Kibera is the largest slum in Nairobi, and the largest urban slum in Africa. It means forest in Nubian, but it has been a long time since there were any trees to be found here. Located 5 kilometers from the city center, it is divided into a number of villages, including Kianda, Soweto East, Makina and Mashimoni. Most of its residents lack access to basic services such as electricity and running water.

One of the odd things about Kibera is that no one knows how many people actually live there. It all depends on who you as and how that person defines the area. UN-Habitat has released several estimations, ranging between 350,000 and 1 million people. According to Mike Davis, a well-known expert on urban slums, Kibera has a population of about 800,000 people.

Life in Kibera is hard and dangerous: most of the residents live earn less than $1.00 per day, and unemployment rates are high. Cases of assault and rape are common, 1/5th of the population of Kibera lives with HIV and at least 50,000 children are orphaned by AIDS. Clean water is scarce and diseases caused by poor hygiene are many.  A great majority of people living in the slum lack access to healthcare.

Hygiene and Sanitation

Kibera is basically a very densely populated muddy hillside without basic amenities, through which a rank little stream trickles, so it is dirty. The slum is contaminated with human and animal waste, due to the open sewage system and the "flying toilets". Flying toilets are what people call the tattered plastic bags that the people do their business in, and then fling out of their homes at night. This is not to say that there are no public toilets in Kibera, but they oftentimes are too dangerous to use at night. Heaps of trash are set on fire, and / or being eaten by goats.

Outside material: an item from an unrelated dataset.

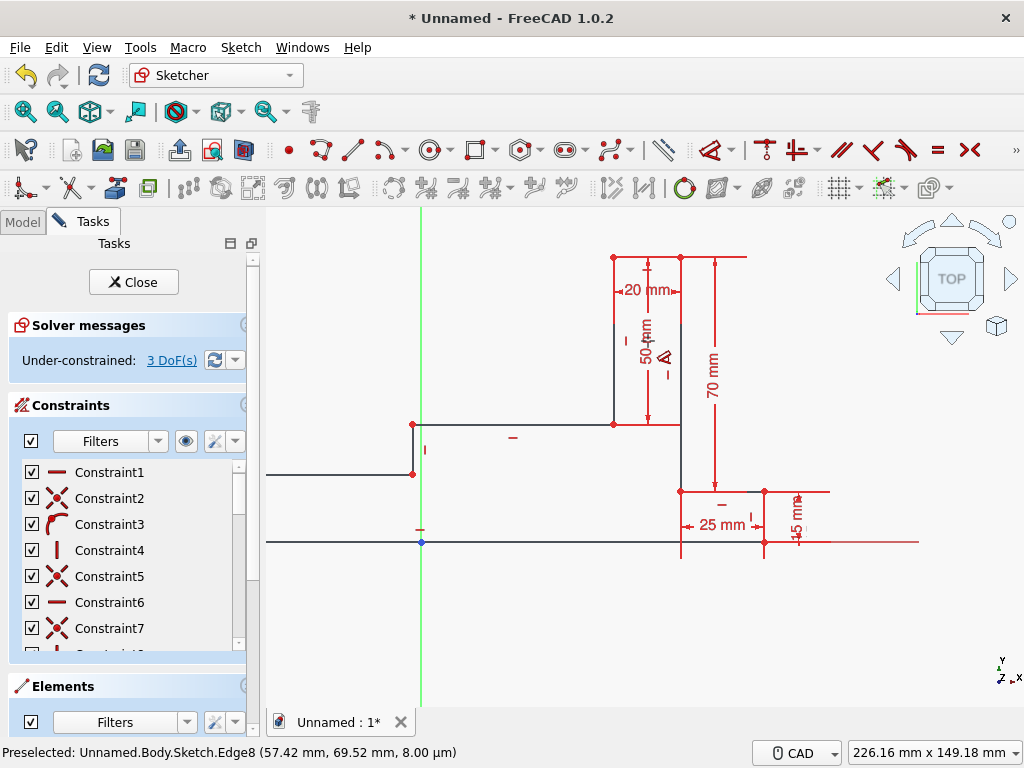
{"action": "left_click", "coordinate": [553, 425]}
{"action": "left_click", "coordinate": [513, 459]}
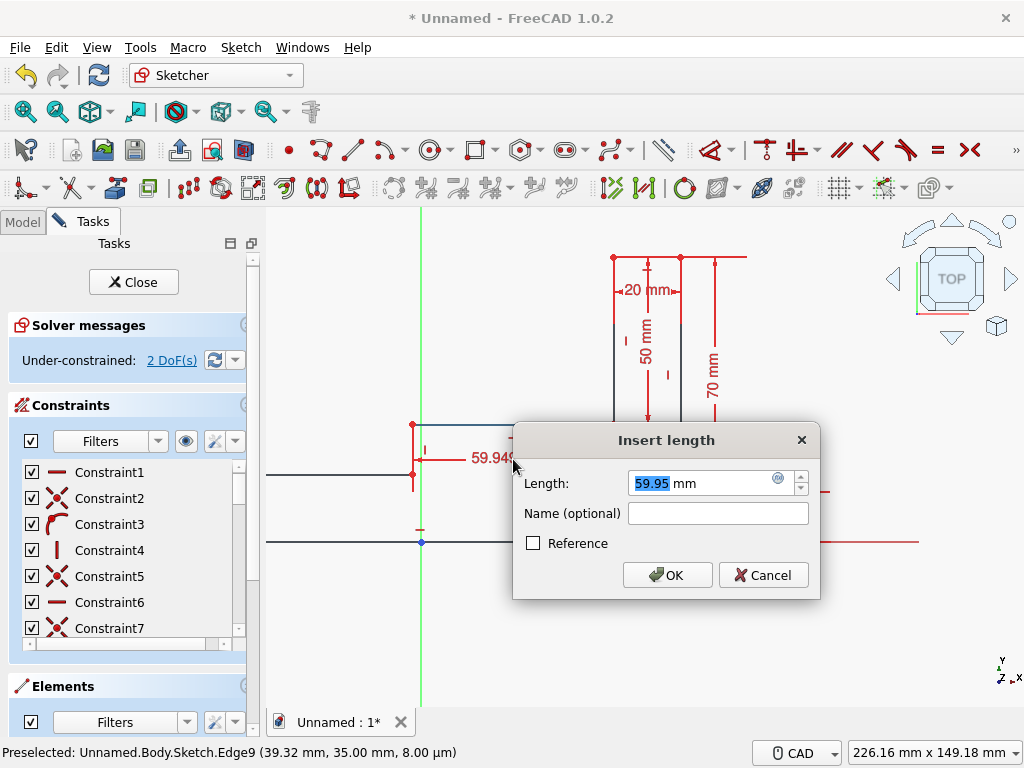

Most of Kibera looks the same: wooden shacks about 2 x 3 meters, topped with a corrugated iron roof. There are no paved streets. The Uganda Railway Line passes through the middle of the neighborhood. Kibera has a railway station, but most residents use buses and matatus to reach the city center, or walk for 2 hours.

Kibera is very accessible, due to the train line and the beltway around Nairobi city center being in such close proximity. And during the day there is so much activity it is actually well worth taking a look. There are genuine Kibera tours, run by people who will show you what living in the slums is really like (the Dutch-Kenyan organization Kibera Tours is a well-respected one - ). Don’t wear your best shoes, and leave your jewelry at home. The tour calls Kibera the friendliest slum, and the city of hope. These descriptions may be accurate, but do not stay in Kibera after dark: at night it gets truly dangerous.


About 20 to 25% of Kibera has electricity. There are blackouts every day, because being connected by only 5 official transformers, the area is severely underserved. The ratio of transformers to people is about 1 : 20,000. In the rest of the greater Nairobi area, this ratio is closer to 1 : 1,000.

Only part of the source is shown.